I searched my own memory, and those of his I was carrying. “I think it happened after we broke up,” I said. “But this guy—he had nothing on you. He would have been better off getting a job at a bar watering drinks, but instead he decided to become a confidence man—”
“Seriously?”
“Yeah, even before he manifested, I think. But once he had his powers, he switched it up and started to try and bully his victims once he got caught. Turned kinda ugly, ended in a homicide by drowning several hundred yards from the sea. They couldn’t detect any sign the body had been moved, and there was a steady trail of ocean water between the shore and the corpse, so—”
Scott laughed. “Why didn’t he just write a confession, sign it, and leave it there for them to find?”
“He was surprisingly tough to track down, given how idiotically he’d left the scene,” I said. “Turns out a witness actually had seen his car there the night of the killing, so we knew what to look for. Local PD pulled him over on one of the bridges, and I had to
fly in when he dragged their cruiser into the water.”
“Huh,” Scott said. “How long did it take to—”
“Not very long. He lacked your finesse, and thanks to you, I knew all his tricks before he pulled any of them.”
Scott smiled, but it faded quickly. “How long were we together after …”
I waited for him to finish his sentence. “After what?”
“After Sovereign,” he said. “After that last battle over Minneapolis.”
“Hummmm,” I said, buying time because this was not a subject I was keen to discuss. “Not too long.”
“It was after I went to work for my dad?”
“A little after that, yeah.”
“How long?” He pushed, but politely.
It still made me squirm. “I don’t know off the top of my head—”
“You said months after Sovereign. How much longer was I with you before—”
“It’s not a simple—”
“It ought to be,” Scott said, and now the politeness was starting to fade. “Something like, ‘We were together two months, eight days, six hours’—”
“Thirty-six minutes and twelve seconds? Sorry, I didn’t keep track of it like that.”
“But it shouldn’t be that hard to—” he pressed.

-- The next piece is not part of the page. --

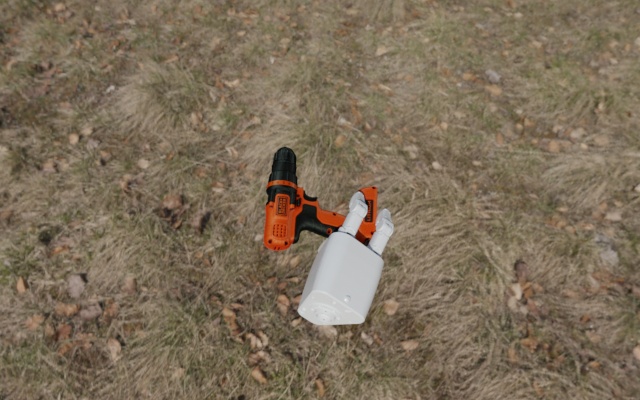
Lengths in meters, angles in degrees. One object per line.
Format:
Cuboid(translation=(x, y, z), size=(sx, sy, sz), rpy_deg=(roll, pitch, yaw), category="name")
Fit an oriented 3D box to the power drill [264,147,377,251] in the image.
Cuboid(translation=(0.001, 0.003, 0.811), size=(0.187, 0.184, 0.057), rpy_deg=(7, -22, -8), category="power drill")

I blew up. “We broke up like three, four times, okay? We’d break up for a night, then get back together. Then break up for five minutes, and get back together. Then we broke up for … ten days? Twelve? I don’t even know, because I was working like a dog, and I’d come back from an assignment, and you’d be all, ‘I just can’t live without you,’ and I’d be tired, and exhausted, and heartbroken from the—the damned withdrawals feeling of you being gone, and we’d get right back together again—”
“Withdrawals?” Scott made a scoffing noise. “Like what? I was some kind of drug you couldn’t quit?”
“I don’t know, man,” I said, trying to get him to stop talking about this awful, uncomfortable, horrible period that I wished I could forget as effectively as he had. “It was what it was.”